Your answer should be the exact lines of the data below from the one containing "Which 3D bounding" through the one containing "5) car <box>220,198,246,213</box>"; please include nothing else.

_ _ _

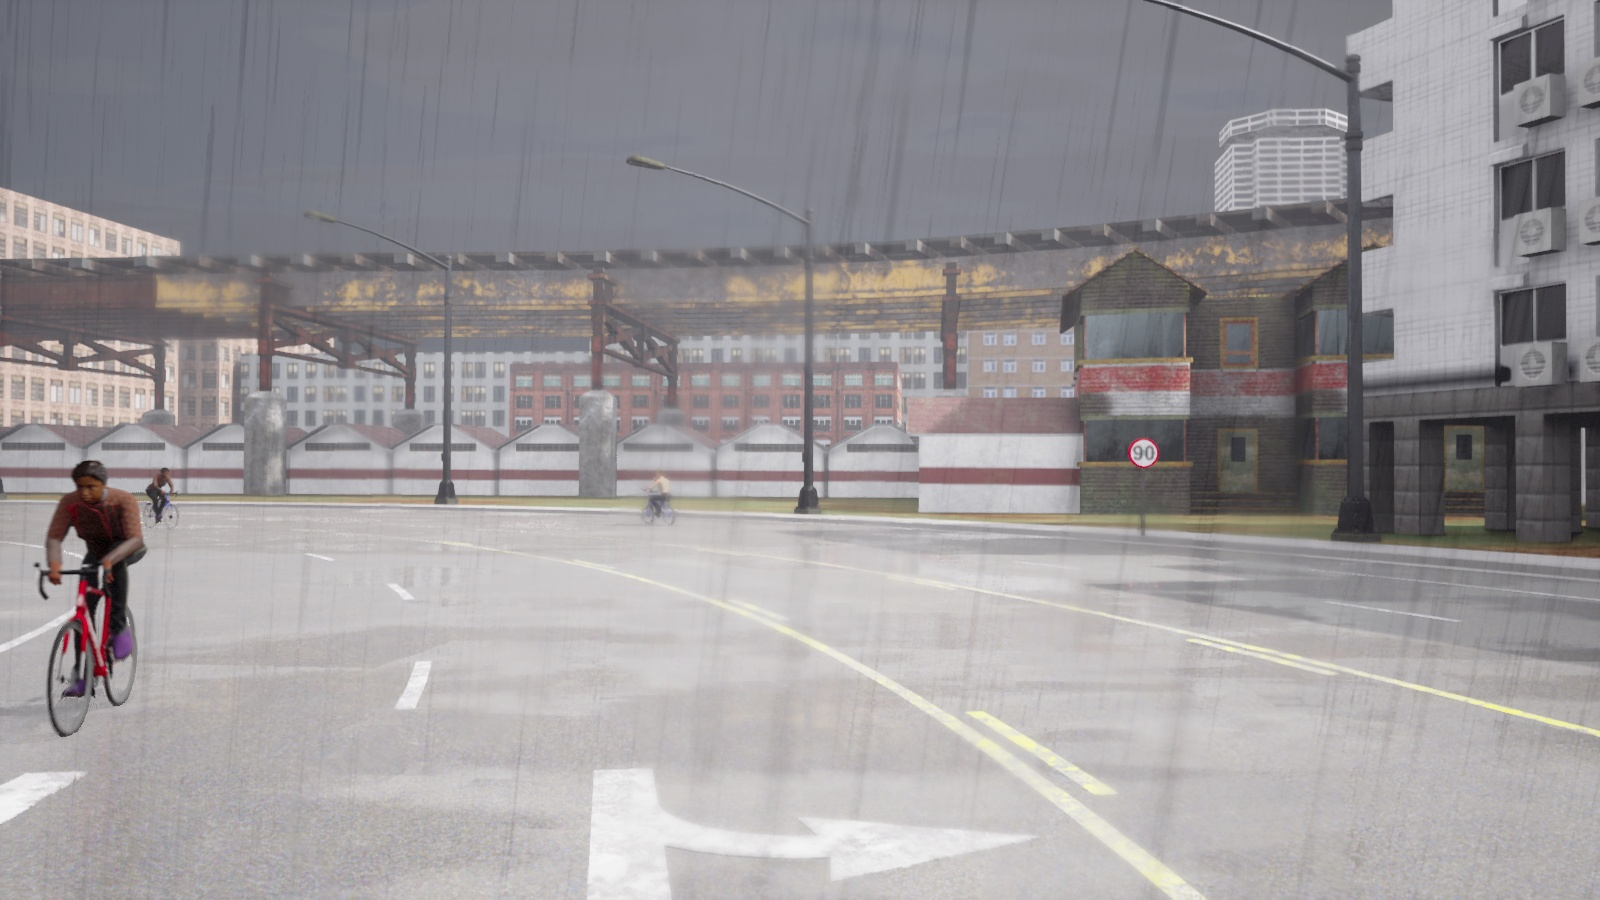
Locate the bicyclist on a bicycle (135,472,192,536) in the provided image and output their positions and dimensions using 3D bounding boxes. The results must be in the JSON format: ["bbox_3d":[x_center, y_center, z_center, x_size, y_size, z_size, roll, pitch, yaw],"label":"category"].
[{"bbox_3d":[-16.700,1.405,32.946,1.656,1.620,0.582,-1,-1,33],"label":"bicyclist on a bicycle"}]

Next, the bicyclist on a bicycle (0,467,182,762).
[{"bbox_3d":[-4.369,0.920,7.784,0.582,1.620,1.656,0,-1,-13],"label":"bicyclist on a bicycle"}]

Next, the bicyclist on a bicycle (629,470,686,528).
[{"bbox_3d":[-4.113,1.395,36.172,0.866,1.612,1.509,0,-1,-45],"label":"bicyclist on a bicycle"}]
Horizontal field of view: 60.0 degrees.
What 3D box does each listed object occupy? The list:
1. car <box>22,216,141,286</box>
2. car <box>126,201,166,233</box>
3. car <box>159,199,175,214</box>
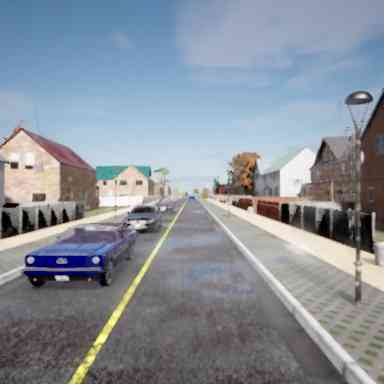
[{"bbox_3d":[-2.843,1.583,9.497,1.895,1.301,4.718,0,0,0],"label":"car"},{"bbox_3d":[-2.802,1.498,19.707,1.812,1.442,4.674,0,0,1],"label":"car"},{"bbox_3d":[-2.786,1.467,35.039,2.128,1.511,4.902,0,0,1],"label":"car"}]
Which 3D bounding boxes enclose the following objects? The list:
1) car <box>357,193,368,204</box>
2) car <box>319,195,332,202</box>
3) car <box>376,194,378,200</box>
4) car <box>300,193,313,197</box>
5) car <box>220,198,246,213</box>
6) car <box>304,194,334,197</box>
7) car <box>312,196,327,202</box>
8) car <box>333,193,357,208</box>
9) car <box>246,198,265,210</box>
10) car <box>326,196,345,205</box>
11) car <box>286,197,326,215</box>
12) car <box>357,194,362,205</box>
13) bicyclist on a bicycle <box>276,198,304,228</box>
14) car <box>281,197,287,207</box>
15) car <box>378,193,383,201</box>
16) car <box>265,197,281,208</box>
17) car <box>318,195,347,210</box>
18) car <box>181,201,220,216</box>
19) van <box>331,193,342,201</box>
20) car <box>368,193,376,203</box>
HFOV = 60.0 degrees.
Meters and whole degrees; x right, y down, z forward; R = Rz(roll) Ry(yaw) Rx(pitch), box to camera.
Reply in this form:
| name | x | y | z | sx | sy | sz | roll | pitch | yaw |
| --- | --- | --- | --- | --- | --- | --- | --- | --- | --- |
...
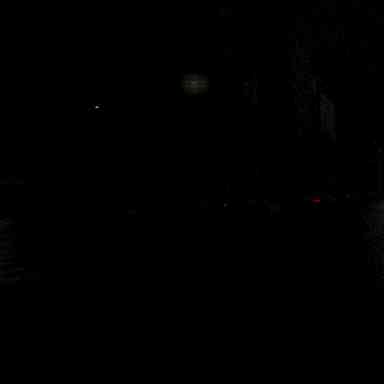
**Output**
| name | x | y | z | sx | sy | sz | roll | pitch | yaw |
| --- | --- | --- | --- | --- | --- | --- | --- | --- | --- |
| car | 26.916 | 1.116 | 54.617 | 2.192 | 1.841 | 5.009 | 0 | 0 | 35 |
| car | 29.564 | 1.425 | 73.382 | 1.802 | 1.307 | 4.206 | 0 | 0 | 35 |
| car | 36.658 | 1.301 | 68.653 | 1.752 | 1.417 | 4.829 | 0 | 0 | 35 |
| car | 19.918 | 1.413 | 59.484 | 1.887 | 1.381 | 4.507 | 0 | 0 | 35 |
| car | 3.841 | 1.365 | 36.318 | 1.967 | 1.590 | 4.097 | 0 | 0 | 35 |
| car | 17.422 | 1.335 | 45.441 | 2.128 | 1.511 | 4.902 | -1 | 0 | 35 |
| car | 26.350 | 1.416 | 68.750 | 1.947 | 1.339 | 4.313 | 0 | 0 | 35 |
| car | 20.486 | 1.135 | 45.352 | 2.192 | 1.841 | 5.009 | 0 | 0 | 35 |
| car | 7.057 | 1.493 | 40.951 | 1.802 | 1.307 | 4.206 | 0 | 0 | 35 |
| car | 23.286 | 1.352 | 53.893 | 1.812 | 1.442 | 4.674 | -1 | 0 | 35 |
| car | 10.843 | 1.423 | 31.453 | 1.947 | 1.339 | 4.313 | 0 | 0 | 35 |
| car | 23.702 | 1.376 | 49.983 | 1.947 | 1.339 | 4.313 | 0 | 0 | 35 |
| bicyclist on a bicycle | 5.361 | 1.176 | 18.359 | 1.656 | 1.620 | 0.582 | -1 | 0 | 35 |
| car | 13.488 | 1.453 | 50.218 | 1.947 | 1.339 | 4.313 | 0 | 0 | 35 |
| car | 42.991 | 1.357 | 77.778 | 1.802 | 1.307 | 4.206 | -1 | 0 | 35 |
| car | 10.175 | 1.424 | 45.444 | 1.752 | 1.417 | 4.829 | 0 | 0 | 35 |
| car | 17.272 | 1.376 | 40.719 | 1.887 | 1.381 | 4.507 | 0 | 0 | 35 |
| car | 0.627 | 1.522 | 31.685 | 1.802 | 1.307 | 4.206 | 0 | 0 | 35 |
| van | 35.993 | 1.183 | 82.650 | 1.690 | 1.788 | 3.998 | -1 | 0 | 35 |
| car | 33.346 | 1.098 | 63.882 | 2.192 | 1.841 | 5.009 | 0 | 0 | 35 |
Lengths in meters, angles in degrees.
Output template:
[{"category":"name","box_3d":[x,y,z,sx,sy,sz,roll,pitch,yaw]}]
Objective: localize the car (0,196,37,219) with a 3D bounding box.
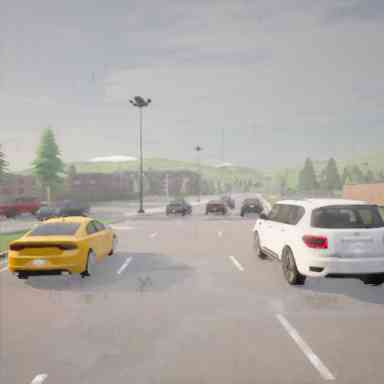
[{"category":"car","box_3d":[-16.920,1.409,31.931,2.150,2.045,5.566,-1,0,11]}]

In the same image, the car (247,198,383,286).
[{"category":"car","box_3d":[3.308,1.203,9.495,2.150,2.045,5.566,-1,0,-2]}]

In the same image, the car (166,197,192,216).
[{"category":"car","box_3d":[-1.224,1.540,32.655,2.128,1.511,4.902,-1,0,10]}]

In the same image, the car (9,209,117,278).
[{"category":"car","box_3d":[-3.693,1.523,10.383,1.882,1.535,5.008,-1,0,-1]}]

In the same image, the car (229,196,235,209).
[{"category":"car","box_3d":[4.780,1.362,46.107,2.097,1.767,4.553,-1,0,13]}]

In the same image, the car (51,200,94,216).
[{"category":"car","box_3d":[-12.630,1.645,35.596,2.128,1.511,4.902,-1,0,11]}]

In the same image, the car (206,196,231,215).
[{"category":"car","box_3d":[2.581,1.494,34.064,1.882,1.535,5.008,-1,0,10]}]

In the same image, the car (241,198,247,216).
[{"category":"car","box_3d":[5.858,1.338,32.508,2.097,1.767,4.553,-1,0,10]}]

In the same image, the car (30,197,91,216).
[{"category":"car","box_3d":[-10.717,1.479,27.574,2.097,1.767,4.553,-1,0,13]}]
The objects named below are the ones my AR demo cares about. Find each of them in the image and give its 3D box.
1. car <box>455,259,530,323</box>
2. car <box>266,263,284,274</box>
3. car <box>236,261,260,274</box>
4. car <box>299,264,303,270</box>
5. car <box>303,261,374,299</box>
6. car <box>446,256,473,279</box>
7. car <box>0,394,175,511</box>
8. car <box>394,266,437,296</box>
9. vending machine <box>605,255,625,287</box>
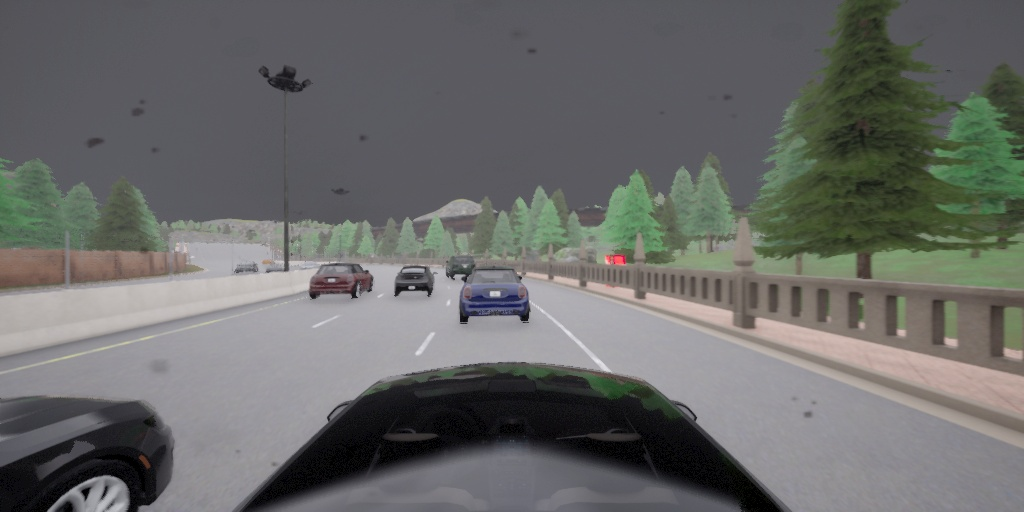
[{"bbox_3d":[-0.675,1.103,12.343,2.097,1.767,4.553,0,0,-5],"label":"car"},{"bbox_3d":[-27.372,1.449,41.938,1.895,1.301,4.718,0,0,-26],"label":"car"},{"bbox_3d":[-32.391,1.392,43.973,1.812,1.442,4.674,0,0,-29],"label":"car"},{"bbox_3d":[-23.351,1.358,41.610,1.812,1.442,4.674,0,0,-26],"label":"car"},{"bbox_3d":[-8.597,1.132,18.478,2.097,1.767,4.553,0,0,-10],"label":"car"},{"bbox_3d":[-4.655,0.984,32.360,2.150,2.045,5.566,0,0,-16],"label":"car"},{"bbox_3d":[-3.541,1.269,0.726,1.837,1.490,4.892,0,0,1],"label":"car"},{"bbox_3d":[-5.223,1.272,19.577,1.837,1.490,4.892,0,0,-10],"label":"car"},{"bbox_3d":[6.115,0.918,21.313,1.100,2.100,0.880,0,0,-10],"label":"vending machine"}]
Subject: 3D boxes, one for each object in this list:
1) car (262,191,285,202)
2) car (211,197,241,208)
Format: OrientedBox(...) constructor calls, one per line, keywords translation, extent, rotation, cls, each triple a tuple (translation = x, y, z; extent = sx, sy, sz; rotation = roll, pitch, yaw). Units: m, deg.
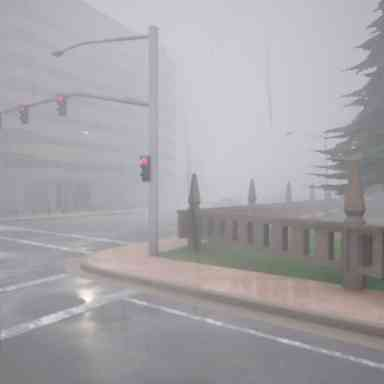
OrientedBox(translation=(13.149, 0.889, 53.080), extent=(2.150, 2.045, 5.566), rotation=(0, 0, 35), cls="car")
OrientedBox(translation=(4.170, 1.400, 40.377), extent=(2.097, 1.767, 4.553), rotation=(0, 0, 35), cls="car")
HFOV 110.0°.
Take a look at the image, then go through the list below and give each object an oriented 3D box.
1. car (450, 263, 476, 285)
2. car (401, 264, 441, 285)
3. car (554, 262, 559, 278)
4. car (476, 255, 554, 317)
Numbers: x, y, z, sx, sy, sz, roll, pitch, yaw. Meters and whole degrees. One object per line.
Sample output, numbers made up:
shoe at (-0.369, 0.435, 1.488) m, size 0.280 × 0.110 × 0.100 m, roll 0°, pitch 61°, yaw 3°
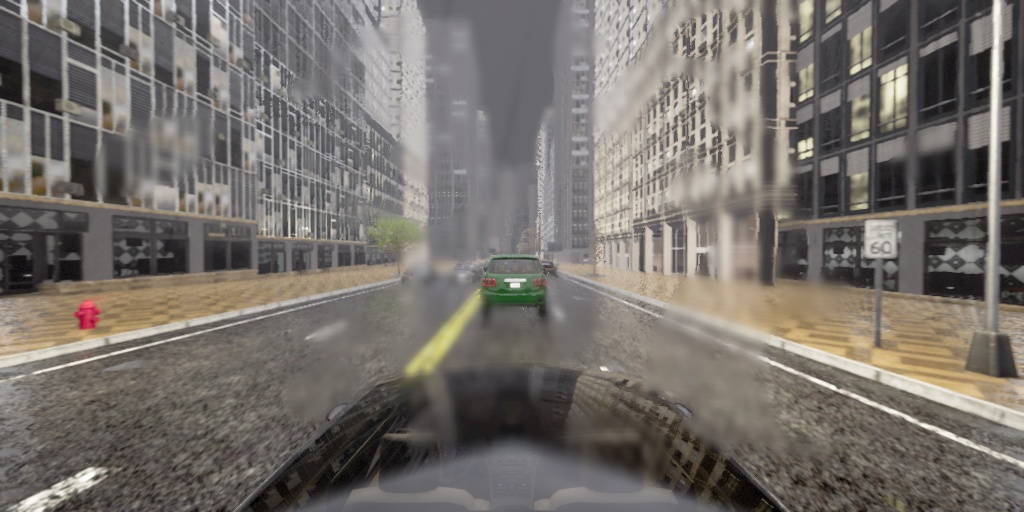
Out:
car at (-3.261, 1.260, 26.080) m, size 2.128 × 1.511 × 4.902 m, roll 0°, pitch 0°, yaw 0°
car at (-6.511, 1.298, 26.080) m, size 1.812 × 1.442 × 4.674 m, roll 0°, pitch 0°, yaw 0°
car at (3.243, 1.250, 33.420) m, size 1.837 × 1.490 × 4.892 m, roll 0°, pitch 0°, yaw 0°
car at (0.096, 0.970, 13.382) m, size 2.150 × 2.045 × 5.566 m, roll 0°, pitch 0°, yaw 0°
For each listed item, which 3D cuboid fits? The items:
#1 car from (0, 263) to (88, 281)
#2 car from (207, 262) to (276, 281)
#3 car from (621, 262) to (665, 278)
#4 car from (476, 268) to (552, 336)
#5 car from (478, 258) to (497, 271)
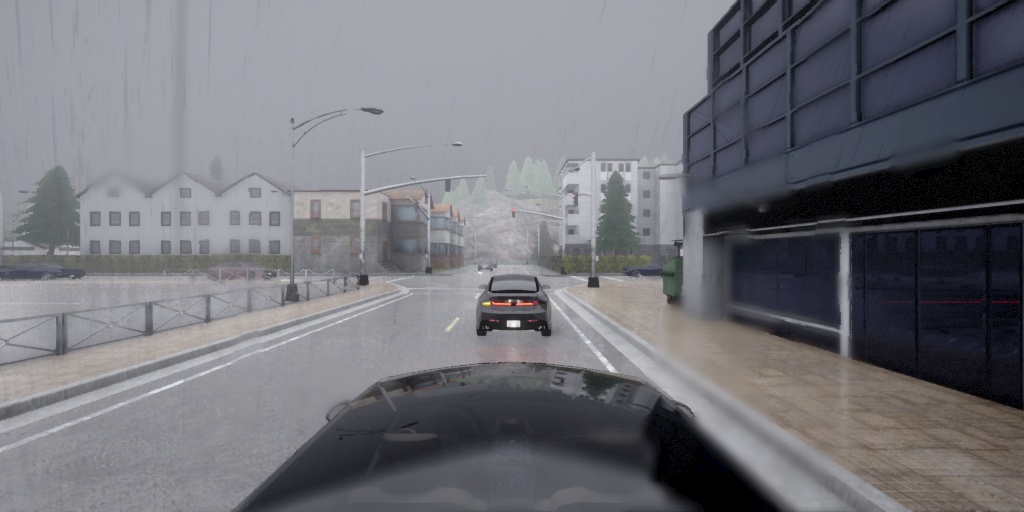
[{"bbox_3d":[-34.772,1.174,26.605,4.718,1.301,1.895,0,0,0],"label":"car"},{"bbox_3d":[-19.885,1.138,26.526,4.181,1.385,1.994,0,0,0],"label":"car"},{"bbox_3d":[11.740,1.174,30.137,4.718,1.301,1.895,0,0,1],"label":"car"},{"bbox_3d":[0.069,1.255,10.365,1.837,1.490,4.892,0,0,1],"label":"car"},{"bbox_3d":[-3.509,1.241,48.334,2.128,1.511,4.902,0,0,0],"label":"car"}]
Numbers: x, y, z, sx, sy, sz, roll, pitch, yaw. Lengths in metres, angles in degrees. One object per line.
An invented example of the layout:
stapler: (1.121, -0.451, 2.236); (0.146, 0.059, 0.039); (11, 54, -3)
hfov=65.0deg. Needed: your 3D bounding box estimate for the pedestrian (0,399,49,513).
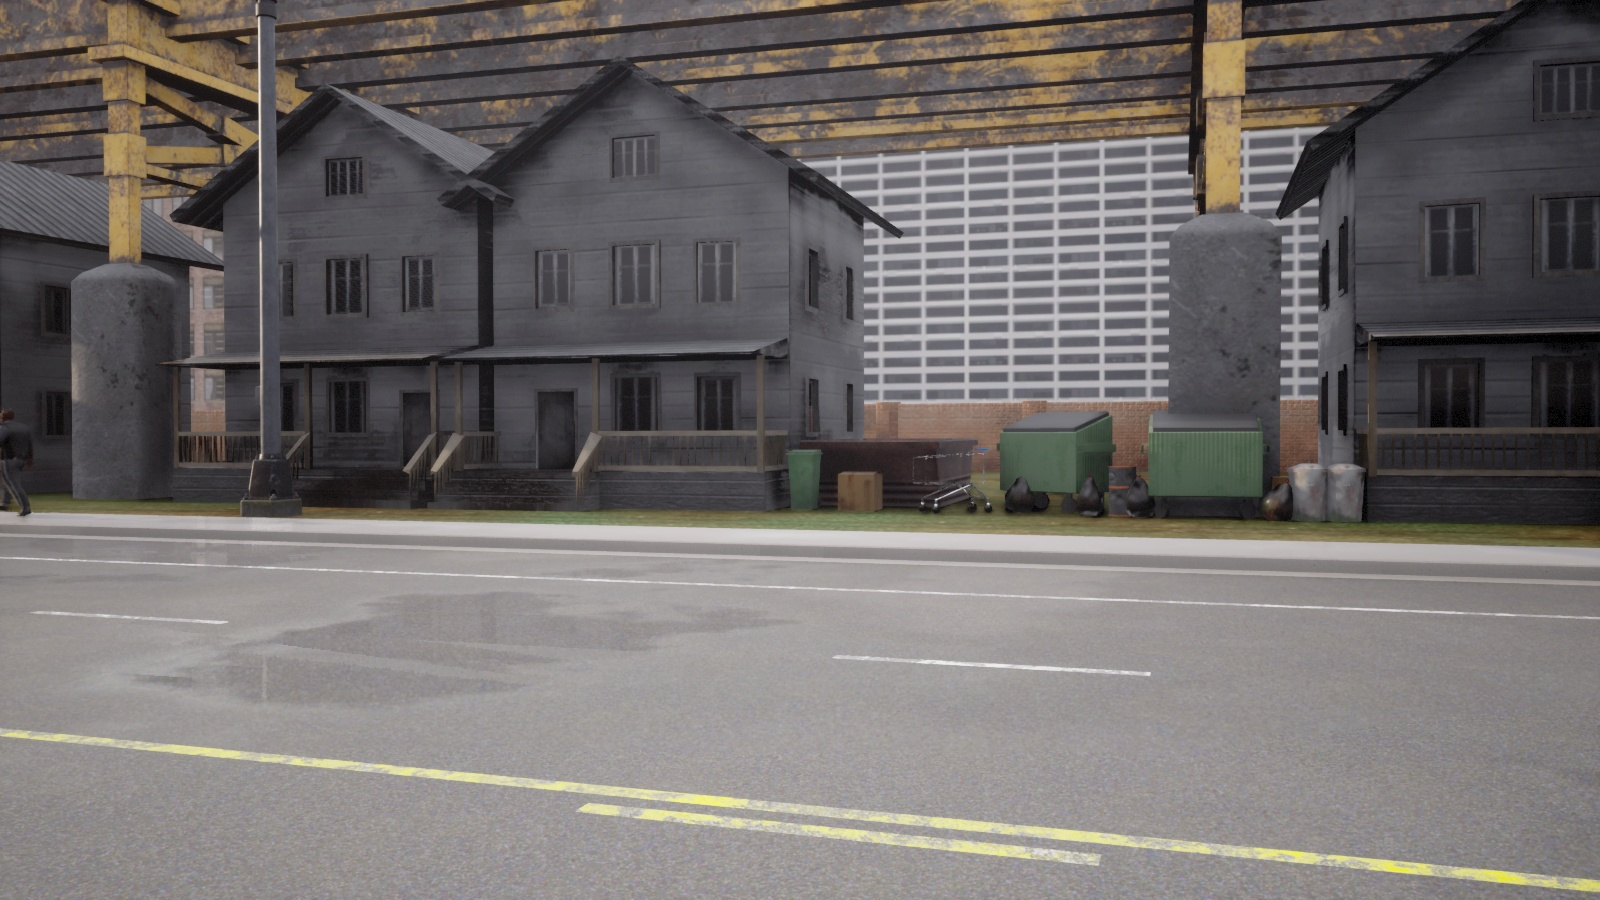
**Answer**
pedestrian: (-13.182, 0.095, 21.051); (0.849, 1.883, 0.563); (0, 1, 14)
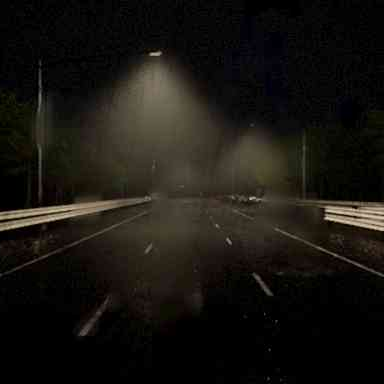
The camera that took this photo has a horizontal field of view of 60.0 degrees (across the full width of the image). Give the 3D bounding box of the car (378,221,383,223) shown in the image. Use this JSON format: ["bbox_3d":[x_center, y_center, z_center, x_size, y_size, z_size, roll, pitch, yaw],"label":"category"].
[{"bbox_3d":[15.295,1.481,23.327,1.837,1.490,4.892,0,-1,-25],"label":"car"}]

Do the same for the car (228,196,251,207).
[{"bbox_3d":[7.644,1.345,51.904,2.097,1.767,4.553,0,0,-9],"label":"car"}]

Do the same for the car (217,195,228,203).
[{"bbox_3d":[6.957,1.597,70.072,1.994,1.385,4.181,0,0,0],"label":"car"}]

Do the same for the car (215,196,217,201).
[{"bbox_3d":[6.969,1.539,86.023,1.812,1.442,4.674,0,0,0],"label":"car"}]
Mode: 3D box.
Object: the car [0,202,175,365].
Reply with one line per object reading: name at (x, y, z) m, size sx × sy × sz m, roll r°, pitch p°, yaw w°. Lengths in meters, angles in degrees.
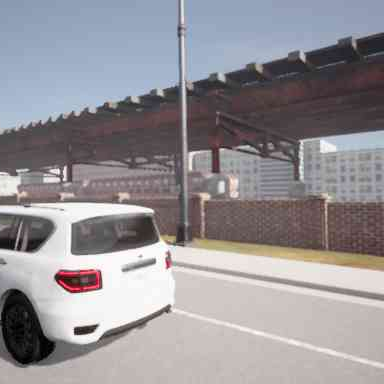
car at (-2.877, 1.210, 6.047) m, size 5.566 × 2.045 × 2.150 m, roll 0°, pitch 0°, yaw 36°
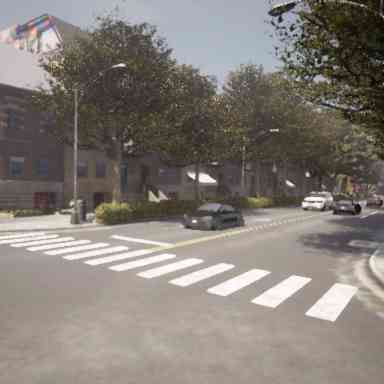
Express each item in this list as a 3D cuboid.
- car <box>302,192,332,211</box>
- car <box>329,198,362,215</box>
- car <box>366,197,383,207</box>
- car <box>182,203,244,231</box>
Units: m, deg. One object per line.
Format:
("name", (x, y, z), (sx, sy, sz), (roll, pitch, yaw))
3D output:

_ _ _

**Solved exercise:**
Which 3D bounding boxes enclose the following objects? The list:
1) car <box>357,193,368,204</box>
2) car <box>319,195,332,202</box>
3) car <box>376,194,378,200</box>
4) car <box>300,193,313,197</box>
5) car <box>220,198,246,213</box>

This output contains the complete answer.